Start of Block

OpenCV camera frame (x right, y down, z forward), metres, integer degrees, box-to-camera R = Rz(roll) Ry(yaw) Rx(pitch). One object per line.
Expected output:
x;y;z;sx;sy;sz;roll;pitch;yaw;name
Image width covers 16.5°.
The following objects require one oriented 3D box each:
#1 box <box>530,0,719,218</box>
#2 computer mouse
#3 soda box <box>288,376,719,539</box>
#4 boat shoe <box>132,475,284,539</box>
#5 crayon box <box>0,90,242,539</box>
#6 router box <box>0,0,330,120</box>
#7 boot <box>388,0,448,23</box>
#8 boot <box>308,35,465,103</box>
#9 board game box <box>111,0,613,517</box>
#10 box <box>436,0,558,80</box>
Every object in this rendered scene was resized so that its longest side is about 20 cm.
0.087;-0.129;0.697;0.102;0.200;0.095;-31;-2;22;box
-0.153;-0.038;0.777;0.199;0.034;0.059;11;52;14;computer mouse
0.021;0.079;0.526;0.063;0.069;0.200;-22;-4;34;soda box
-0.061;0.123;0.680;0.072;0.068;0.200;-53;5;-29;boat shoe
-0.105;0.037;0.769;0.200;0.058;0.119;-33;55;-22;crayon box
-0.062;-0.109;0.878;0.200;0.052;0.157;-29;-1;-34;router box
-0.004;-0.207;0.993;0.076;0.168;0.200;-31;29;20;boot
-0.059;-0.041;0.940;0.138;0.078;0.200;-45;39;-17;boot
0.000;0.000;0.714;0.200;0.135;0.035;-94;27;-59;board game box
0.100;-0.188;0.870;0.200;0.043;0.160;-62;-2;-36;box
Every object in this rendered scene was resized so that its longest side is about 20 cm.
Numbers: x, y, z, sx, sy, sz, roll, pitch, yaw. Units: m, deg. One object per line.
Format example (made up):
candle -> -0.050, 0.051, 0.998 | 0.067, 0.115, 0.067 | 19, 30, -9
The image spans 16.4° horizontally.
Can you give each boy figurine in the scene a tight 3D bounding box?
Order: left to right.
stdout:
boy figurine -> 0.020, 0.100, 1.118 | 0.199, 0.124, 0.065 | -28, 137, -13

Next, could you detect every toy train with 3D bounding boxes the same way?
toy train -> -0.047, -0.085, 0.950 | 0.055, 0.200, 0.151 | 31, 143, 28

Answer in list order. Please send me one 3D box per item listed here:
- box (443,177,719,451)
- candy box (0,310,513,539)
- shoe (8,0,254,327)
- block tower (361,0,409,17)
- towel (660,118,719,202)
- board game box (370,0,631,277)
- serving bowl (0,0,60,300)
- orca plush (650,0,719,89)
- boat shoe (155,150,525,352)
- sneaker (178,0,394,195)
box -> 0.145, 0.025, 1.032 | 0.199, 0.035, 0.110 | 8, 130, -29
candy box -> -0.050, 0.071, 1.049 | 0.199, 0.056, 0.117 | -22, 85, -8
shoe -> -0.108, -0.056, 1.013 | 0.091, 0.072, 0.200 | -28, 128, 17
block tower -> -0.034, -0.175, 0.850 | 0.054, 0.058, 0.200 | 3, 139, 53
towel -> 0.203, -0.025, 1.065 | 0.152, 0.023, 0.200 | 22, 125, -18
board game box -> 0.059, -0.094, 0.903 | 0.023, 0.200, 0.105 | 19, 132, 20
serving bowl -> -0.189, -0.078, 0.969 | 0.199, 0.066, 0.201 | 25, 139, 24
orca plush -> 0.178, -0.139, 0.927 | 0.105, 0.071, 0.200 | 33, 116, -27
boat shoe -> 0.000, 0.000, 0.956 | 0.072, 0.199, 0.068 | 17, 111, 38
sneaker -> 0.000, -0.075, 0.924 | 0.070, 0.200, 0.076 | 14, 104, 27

End of Block

**What the exercise asks:** For the material above, count the lines where the string "roll" appears and reply with the count only.

**Written reply:** 3